= Professional Code of Quebec =

Professional law in Quebec

The Professional Code is a Quebec law that governs the professional system of the province of Quebec, in Canada. This system is composed of the Government of Quebec, the National Assembly of Quebec, the 46 professional orders, the Office des professions du Québec (OPQ) and of Conseil Interprofessionnel du Québec (CIQ) (Quebec's Interprofessional Council).

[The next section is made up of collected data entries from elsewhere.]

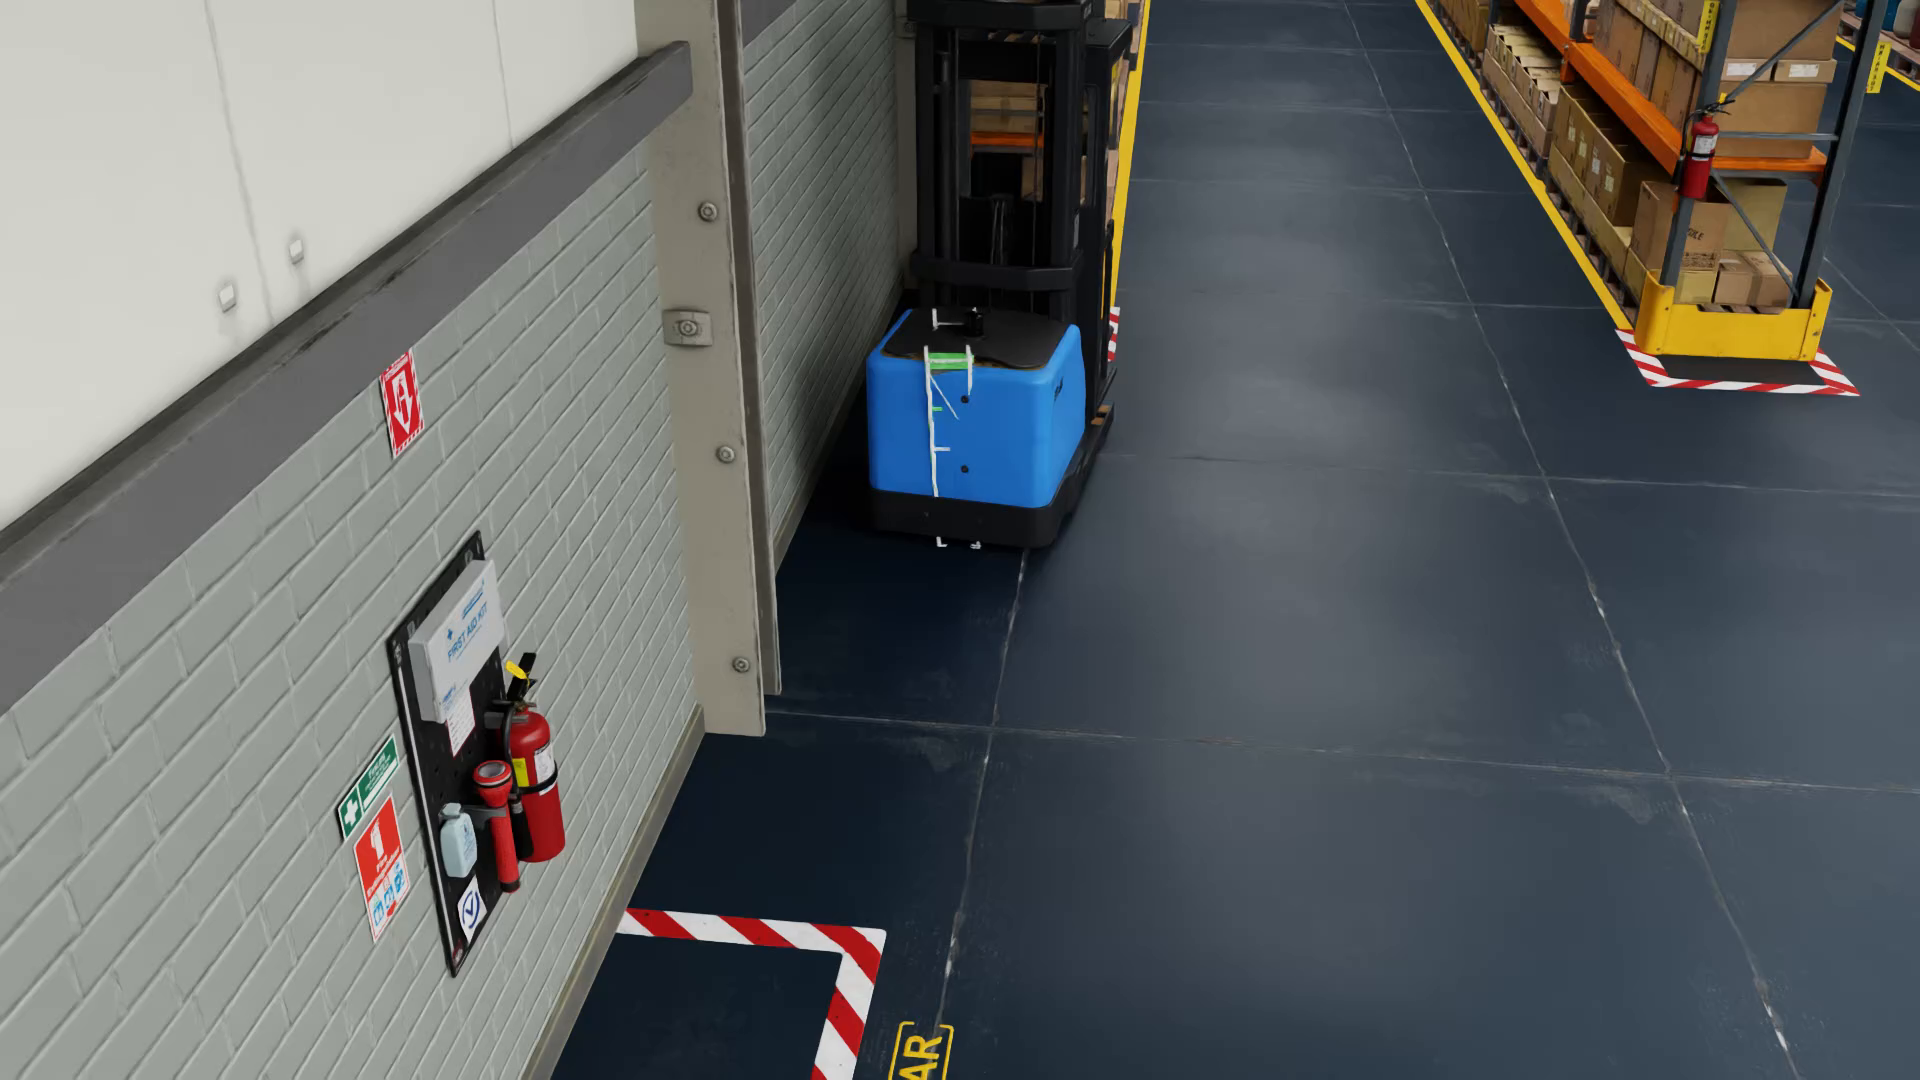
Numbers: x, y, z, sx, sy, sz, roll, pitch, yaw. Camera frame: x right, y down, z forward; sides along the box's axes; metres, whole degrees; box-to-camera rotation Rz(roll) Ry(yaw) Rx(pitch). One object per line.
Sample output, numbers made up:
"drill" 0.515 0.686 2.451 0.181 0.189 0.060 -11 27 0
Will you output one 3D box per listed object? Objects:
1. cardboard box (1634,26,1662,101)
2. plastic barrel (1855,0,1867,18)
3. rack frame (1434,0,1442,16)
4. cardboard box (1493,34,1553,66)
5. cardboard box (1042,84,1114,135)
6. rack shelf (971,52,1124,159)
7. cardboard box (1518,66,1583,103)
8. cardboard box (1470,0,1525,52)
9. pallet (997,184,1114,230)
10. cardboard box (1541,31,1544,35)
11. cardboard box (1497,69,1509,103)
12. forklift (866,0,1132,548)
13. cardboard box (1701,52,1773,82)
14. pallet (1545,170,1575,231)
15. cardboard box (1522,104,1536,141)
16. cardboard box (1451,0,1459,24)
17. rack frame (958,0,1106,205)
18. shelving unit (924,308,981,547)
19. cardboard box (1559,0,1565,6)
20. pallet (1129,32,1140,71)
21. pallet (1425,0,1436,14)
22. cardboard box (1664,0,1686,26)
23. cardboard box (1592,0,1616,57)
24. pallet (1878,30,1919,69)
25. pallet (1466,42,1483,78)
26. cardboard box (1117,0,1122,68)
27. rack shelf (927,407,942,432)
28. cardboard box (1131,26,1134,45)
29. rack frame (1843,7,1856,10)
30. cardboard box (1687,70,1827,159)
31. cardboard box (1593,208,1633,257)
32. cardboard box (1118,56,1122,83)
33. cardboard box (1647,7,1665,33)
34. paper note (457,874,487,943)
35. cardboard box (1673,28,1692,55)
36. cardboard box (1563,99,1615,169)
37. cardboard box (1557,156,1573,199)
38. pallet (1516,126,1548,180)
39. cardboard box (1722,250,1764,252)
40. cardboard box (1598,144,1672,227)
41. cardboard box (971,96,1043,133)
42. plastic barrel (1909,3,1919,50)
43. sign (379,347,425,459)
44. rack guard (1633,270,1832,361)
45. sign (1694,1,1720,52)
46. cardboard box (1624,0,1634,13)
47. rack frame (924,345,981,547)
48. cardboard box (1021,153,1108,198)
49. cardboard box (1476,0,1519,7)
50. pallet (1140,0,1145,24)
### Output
"cardboard box" 5.655 -3.677 12.807 0.700 0.500 0.500 4 29 8
"plastic barrel" 11.701 -7.050 20.944 0.600 0.901 0.708 3 28 6
"rack frame" 6.869 -8.334 21.557 1.000 3.000 0.127 3 28 6
"cardboard box" 5.967 -5.195 17.595 0.500 0.311 0.500 3 28 5
"cardboard box" 0.856 -3.125 12.026 0.500 0.250 0.500 3 28 5
"rack shelf" 0.727 -3.596 13.521 1.077 0.370 4.000 3 28 6
"cardboard box" 5.775 -4.477 16.262 0.500 0.311 0.500 3 28 6
"cardboard box" 6.260 -5.998 19.393 0.500 0.500 0.500 4 29 8
"pallet" 0.777 -2.733 14.100 1.003 0.211 1.213 3 28 6
"cardboard box" 6.559 -5.411 17.997 0.500 0.311 0.500 4 29 8
"cardboard box" 5.904 -4.714 17.294 0.500 0.250 0.500 3 28 5
"forklift" 0.353 -1.928 9.738 1.130 2.935 3.031 7 29 13
"cardboard box" 5.256 -3.206 11.249 0.380 0.149 0.250 3 28 5
"pallet" 5.749 -2.969 14.538 1.003 0.211 1.213 3 28 6
"cardboard box" 5.715 -3.993 15.955 0.500 0.250 0.500 3 28 5
"cardboard box" 6.445 -6.727 20.746 0.500 0.500 0.500 4 29 7
"rack frame" 0.481 -2.971 11.603 1.000 3.000 0.127 3 28 6
"shelving unit" -0.017 -0.608 9.082 0.258 1.200 0.503 0 31 5
"cardboard box" 6.125 -5.456 16.110 0.500 0.500 0.500 3 28 6
"pallet" 1.633 -5.876 19.935 1.003 0.211 1.213 3 28 6
"pallet" 6.954 -7.429 22.818 1.003 0.211 1.213 3 28 6
"cardboard box" 5.595 -4.030 12.094 0.700 0.500 0.500 3 29 6
"cardboard box" 5.840 -4.403 14.155 0.700 0.500 0.500 3 28 5
"pallet" 11.501 -5.880 19.942 1.003 0.211 1.213 3 28 6
"pallet" 6.508 -5.573 19.371 1.003 0.211 1.213 3 28 6
"cardboard box" 0.978 -3.926 12.722 0.500 0.500 0.500 2 28 5
"rack shelf" -0.026 -0.759 8.992 0.258 0.148 0.480 0 31 5
"cardboard box" 1.682 -6.314 19.631 0.750 0.750 0.750 3 28 6
"rack frame" 11.784 -8.044 21.019 1.000 3.000 0.127 3 28 6
"cardboard box" 5.468 -2.948 11.455 0.700 0.500 0.500 3 28 6
"cardboard box" 5.280 -2.401 13.000 0.500 0.250 0.500 3 28 6
"cardboard box" 1.038 -3.848 13.367 0.500 0.250 0.500 4 29 7
"cardboard box" 5.444 -3.936 12.604 0.380 0.149 0.250 3 28 5
"paper note" -1.457 1.101 4.972 0.016 0.148 0.142 3 28 6
"cardboard box" 5.351 -3.568 11.920 0.380 0.149 0.250 4 29 7
"cardboard box" 5.467 -3.437 14.132 0.500 0.500 0.500 3 28 6
"cardboard box" 5.464 -3.107 14.310 0.500 0.250 0.500 3 28 6
"pallet" 5.940 -3.690 15.876 1.003 0.211 1.213 3 28 6
"cardboard box" 5.742 -2.135 12.506 0.500 0.250 0.500 3 28 6
"cardboard box" 5.277 -2.731 12.822 0.500 0.500 0.500 3 28 6
"cardboard box" 0.346 -3.145 12.063 0.500 0.250 0.500 4 29 7
"plastic barrel" 11.475 -6.048 19.412 0.600 0.588 0.708 3 28 6
"sign" -1.467 -0.388 4.364 0.001 0.298 0.199 3 28 6
"rack guard" 5.395 -1.574 11.644 1.175 0.500 0.348 3 28 6
"sign" 4.861 -3.337 10.812 0.100 0.325 0.005 3 28 6
"cardboard box" 5.539 -4.302 13.283 0.380 0.149 0.250 2 28 5
"rack frame" -0.036 -0.484 8.873 0.240 1.200 0.015 0 31 5
"cardboard box" 0.865 -2.996 13.820 0.700 0.500 0.500 2 28 3
"cardboard box" 6.263 -6.355 19.264 0.500 0.250 0.500 4 29 8
"pallet" 1.932 -7.025 22.067 1.003 0.211 1.213 3 28 6

== Framework of the Professional Code ==

The Professional Code is a framework law defining the mandates, responsibilities, structure and functioning of:

- The Office des professions du Québec (OPQ),
- The Conseil Interprofessionnel du Québec (English: Quebec Interprofessional Council) (CIQ),
- The Quebec Professional Orders.

The Professional Code of Quebec defines:

1. the practice of the professional activities of members subject to the Professional Code;
2. the exclusive use of reserved professional titles;
3. the exclusivity of acts reserved for certain professions;
4. regulations to be adopted by the board of directors of each order;
5. the roles, duties and functioning of the board of directors of each professional order;
6. licenses issued by radiology, psychotherapist, directorate of a dental prosthesis laboratory;
7. the practice of professional activities within a limited liability partnership or a joint-stock company;
8. provisions specific to certain professions;
9. provisions for professional inspection and discipline;
10. penal provisions;
11. investigations and immunities;
12. the role of the OPQ Commissioner of Complaints regarding mechanisms for recognizing professional competencies.

== History ==

The Professional Code was created in 1973. In July 1973, the articles of the Quebec Professional Code relating to the Conseil Interprofessionnel du Québec (Quebec Interprofessional Council) entered into force and in September 1973 for the articles relating to the Office des professions du Québec. The majority of the other articles will be in force on 1 February 1974.